What the exercise asks:
The required result is the exact run of lines beginning at the one containing "msp.add_blockref('Borders Default Border', (0, 0))" and ending at the last line of the entries.

╔══

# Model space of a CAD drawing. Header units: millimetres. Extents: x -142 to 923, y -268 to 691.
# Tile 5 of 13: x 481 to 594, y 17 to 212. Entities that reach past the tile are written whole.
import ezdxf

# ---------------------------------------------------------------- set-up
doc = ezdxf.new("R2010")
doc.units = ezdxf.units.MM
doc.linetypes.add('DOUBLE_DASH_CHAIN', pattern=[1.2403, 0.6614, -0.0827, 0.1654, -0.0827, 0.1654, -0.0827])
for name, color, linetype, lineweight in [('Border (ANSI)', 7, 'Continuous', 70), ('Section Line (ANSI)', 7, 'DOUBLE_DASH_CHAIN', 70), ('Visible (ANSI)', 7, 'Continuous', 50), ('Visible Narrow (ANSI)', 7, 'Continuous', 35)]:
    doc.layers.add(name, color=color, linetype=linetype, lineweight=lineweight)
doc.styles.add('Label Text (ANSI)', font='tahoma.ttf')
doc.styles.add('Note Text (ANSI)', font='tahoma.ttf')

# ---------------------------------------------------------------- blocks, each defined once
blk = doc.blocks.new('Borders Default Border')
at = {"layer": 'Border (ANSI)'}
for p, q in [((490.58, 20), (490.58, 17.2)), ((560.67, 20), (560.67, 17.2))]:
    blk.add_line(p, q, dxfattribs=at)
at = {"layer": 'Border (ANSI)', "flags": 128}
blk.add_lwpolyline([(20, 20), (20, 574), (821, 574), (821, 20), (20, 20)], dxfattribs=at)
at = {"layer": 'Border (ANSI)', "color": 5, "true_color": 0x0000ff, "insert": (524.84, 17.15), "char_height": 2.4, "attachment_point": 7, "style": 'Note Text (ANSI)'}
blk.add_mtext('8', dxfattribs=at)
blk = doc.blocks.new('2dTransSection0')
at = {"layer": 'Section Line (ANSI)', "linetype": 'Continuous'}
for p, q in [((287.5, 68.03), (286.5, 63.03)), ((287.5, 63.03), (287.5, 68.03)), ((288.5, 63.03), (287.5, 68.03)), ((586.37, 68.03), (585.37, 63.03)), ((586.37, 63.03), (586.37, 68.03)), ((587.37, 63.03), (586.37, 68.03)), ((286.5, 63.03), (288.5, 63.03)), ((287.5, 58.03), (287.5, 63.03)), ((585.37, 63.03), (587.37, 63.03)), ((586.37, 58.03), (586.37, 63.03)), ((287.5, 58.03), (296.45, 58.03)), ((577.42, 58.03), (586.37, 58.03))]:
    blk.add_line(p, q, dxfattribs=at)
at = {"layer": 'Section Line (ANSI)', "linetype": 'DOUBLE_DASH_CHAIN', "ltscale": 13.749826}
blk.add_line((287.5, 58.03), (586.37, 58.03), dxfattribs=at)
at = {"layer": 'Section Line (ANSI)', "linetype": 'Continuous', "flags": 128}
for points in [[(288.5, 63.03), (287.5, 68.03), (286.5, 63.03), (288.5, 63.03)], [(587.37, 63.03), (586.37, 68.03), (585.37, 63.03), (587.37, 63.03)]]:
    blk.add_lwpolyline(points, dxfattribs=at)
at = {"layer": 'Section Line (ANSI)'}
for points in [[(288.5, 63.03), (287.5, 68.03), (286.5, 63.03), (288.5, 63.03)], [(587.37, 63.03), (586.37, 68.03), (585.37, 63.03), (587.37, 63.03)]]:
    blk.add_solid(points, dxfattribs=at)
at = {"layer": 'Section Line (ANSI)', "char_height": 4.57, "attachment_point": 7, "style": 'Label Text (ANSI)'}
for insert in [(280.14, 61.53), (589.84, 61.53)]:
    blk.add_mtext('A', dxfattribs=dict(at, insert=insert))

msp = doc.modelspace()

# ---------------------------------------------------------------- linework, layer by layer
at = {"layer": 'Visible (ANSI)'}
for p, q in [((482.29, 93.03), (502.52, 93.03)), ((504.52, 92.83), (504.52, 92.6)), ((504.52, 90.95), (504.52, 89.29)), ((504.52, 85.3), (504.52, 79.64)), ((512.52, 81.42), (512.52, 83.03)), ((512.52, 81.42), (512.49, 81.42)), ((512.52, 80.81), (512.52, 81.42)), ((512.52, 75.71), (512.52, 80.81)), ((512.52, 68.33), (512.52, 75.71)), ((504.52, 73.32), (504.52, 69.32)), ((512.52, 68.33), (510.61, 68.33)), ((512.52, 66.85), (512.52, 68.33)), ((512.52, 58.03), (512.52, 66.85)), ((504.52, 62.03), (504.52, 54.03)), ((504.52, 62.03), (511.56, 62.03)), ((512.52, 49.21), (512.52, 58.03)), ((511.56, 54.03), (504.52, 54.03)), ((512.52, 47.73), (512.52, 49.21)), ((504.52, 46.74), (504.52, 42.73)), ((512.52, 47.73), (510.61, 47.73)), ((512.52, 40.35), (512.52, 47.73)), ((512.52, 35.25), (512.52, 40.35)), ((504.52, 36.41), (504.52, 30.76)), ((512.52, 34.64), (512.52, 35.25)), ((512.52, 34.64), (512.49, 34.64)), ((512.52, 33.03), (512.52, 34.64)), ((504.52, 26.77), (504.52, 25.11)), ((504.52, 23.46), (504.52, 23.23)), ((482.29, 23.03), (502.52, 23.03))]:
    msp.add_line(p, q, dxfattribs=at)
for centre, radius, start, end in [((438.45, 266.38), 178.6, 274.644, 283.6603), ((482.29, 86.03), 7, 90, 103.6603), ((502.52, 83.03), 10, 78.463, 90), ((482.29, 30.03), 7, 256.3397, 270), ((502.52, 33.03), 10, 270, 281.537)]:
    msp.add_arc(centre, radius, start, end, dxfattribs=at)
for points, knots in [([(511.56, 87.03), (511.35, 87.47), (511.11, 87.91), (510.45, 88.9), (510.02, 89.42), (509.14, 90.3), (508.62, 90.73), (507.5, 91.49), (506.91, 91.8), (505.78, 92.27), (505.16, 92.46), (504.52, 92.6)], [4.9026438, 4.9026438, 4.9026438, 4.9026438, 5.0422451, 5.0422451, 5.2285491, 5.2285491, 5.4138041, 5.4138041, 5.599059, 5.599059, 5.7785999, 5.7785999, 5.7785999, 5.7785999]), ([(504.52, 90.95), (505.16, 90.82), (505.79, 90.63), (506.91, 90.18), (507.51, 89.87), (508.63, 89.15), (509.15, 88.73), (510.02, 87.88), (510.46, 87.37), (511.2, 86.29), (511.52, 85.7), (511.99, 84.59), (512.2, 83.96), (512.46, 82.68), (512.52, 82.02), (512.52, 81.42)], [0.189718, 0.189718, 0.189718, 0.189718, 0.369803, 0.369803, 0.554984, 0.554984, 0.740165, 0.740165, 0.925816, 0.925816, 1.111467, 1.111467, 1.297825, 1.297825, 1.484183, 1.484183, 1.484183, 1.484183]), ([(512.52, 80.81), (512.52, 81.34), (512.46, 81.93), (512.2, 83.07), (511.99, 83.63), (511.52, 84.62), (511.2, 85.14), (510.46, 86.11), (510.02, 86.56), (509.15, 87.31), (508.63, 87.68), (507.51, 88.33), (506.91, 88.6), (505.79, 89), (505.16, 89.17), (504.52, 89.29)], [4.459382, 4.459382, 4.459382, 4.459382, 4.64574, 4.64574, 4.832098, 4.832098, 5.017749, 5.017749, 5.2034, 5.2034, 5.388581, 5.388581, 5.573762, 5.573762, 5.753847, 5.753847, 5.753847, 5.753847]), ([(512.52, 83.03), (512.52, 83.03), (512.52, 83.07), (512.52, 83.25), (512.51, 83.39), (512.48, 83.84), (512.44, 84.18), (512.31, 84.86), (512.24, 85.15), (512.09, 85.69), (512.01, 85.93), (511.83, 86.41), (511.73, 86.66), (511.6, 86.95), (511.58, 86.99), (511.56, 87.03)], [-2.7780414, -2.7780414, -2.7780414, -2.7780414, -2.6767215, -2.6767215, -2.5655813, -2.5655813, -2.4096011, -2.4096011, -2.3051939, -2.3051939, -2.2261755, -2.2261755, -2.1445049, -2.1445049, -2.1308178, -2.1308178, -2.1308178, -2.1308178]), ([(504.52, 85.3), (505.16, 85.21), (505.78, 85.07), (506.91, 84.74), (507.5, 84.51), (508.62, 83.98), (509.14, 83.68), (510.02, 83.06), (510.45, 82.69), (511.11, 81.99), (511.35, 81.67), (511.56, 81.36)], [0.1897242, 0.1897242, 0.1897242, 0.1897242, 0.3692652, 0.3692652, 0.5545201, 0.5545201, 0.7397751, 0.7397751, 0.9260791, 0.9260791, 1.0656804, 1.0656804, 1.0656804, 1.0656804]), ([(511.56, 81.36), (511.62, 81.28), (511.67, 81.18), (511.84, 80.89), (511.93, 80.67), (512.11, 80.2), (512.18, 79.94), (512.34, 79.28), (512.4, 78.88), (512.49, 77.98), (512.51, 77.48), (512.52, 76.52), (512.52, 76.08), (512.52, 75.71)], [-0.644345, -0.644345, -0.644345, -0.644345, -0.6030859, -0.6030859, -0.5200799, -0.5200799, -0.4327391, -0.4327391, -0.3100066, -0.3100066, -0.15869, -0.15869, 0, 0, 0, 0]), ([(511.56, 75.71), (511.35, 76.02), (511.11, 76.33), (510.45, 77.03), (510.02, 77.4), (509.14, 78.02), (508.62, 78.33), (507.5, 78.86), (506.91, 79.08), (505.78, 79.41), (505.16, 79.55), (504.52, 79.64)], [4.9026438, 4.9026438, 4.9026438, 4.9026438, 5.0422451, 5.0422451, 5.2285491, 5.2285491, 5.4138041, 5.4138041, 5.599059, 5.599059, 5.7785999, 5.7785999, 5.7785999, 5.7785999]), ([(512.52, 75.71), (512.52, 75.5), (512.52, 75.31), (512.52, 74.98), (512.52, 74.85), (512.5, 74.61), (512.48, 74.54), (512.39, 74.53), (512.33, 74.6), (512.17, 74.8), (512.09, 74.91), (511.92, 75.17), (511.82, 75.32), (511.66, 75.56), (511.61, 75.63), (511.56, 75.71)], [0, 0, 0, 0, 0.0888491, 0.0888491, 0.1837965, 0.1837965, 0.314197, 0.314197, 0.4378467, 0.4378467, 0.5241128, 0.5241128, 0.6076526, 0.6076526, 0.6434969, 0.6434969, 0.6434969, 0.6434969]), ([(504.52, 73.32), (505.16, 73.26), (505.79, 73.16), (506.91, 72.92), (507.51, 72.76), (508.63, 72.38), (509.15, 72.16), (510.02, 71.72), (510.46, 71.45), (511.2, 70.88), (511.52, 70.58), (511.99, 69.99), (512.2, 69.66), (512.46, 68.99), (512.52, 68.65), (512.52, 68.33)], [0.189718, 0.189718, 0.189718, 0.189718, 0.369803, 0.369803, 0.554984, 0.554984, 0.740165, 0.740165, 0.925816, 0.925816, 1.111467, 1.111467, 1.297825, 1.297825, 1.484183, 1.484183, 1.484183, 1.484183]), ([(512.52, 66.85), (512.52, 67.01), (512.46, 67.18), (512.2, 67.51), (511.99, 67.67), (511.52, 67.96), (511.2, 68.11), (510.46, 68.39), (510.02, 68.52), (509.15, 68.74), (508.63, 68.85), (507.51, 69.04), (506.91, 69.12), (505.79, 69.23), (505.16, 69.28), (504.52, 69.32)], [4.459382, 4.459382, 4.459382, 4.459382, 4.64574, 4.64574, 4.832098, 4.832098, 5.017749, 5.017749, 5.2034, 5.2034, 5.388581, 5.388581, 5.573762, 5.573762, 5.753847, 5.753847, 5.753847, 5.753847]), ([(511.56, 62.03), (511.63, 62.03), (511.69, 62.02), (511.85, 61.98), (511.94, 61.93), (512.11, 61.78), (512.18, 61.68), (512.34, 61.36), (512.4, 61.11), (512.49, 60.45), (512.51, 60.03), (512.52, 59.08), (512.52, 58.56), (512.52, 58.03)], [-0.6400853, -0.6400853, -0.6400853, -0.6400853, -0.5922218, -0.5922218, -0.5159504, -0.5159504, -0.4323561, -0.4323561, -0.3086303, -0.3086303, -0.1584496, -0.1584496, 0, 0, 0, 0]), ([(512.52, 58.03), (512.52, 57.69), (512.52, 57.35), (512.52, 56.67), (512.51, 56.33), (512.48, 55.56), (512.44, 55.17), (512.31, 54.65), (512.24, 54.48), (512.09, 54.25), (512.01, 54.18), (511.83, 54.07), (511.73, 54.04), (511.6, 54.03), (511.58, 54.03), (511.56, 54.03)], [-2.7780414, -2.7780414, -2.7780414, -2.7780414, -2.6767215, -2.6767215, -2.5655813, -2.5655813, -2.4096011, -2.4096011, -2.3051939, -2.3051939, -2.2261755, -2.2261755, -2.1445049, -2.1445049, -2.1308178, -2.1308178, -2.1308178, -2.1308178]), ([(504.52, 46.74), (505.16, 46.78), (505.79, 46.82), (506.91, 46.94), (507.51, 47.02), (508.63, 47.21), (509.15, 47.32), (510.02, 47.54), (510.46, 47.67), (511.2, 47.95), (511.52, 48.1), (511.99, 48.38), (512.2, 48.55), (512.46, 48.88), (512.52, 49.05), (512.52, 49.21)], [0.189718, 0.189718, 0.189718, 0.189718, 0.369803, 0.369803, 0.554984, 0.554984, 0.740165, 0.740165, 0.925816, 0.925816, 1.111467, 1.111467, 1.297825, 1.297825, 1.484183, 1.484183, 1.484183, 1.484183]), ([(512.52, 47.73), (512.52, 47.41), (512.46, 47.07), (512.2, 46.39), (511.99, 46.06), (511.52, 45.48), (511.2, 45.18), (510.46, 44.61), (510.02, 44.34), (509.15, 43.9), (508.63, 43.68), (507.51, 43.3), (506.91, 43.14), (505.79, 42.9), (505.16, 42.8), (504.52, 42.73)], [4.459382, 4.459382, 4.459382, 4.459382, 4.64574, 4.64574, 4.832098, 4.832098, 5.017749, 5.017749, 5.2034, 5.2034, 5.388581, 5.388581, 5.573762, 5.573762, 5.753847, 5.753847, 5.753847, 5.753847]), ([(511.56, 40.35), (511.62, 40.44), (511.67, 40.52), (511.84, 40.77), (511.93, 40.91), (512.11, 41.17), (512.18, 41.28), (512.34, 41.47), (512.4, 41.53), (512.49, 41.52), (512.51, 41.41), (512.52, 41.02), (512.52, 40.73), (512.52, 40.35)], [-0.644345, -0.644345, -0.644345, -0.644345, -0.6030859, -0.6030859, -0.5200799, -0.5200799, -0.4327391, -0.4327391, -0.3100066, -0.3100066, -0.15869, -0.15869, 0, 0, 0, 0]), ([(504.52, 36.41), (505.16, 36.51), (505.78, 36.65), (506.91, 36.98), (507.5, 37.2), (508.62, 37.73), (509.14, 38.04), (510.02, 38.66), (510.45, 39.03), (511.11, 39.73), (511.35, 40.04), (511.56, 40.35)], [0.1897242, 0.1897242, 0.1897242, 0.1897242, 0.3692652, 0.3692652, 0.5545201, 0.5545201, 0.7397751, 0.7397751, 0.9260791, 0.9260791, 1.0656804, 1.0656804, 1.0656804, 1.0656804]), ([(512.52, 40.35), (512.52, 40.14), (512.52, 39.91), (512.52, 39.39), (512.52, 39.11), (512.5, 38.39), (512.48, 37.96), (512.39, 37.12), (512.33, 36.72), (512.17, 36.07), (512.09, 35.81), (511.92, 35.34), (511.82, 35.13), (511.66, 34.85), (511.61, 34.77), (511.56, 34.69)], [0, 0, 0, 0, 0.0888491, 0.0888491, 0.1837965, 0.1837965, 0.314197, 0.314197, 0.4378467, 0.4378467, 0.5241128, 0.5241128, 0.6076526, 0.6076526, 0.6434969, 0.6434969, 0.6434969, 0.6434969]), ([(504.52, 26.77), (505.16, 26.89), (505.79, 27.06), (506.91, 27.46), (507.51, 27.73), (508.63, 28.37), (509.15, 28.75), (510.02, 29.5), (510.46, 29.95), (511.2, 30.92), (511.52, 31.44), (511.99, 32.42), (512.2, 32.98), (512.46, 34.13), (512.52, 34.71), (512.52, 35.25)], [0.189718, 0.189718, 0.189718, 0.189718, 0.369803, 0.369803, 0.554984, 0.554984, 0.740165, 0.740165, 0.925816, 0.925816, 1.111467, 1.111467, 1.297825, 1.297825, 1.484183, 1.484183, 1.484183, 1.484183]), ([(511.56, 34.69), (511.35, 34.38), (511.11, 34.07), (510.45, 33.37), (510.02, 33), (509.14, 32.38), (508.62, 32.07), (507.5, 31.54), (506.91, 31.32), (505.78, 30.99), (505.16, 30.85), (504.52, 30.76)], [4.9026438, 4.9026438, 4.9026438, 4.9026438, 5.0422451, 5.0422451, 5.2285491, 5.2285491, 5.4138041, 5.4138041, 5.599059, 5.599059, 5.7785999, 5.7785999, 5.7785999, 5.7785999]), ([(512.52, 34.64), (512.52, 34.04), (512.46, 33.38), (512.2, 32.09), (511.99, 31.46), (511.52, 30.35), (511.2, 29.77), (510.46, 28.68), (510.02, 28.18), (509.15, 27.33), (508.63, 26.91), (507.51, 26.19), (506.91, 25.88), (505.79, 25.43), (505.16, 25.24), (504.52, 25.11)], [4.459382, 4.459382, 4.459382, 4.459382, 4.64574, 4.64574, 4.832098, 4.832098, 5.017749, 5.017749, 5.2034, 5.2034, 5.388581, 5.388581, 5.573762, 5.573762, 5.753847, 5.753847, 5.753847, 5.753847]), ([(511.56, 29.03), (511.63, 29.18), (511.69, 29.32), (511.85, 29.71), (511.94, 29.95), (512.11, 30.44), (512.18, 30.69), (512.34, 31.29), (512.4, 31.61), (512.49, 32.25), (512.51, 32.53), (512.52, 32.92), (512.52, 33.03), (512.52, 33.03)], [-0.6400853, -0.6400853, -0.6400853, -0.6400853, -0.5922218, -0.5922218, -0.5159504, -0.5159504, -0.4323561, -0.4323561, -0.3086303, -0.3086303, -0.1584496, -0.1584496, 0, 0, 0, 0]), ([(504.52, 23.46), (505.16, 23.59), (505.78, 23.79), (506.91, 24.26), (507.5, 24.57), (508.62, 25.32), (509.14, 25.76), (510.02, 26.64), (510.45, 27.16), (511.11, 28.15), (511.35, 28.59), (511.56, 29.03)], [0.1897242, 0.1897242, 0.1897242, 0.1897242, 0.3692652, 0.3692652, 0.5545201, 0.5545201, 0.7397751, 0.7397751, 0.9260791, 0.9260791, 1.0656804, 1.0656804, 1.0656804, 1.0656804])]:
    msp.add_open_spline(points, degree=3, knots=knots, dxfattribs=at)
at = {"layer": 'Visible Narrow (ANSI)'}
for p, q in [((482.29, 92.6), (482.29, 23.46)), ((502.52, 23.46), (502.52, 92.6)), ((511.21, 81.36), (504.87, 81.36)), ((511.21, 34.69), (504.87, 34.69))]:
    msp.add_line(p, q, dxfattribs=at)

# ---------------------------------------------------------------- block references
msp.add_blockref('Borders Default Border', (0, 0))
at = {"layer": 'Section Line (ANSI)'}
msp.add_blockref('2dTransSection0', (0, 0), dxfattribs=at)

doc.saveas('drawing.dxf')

╚══

Solution to this problem:
msp.add_blockref('Borders Default Border', (0, 0))
at = {"layer": 'Section Line (ANSI)'}
msp.add_blockref('2dTransSection0', (0, 0), dxfattribs=at)

doc.saveas('drawing.dxf')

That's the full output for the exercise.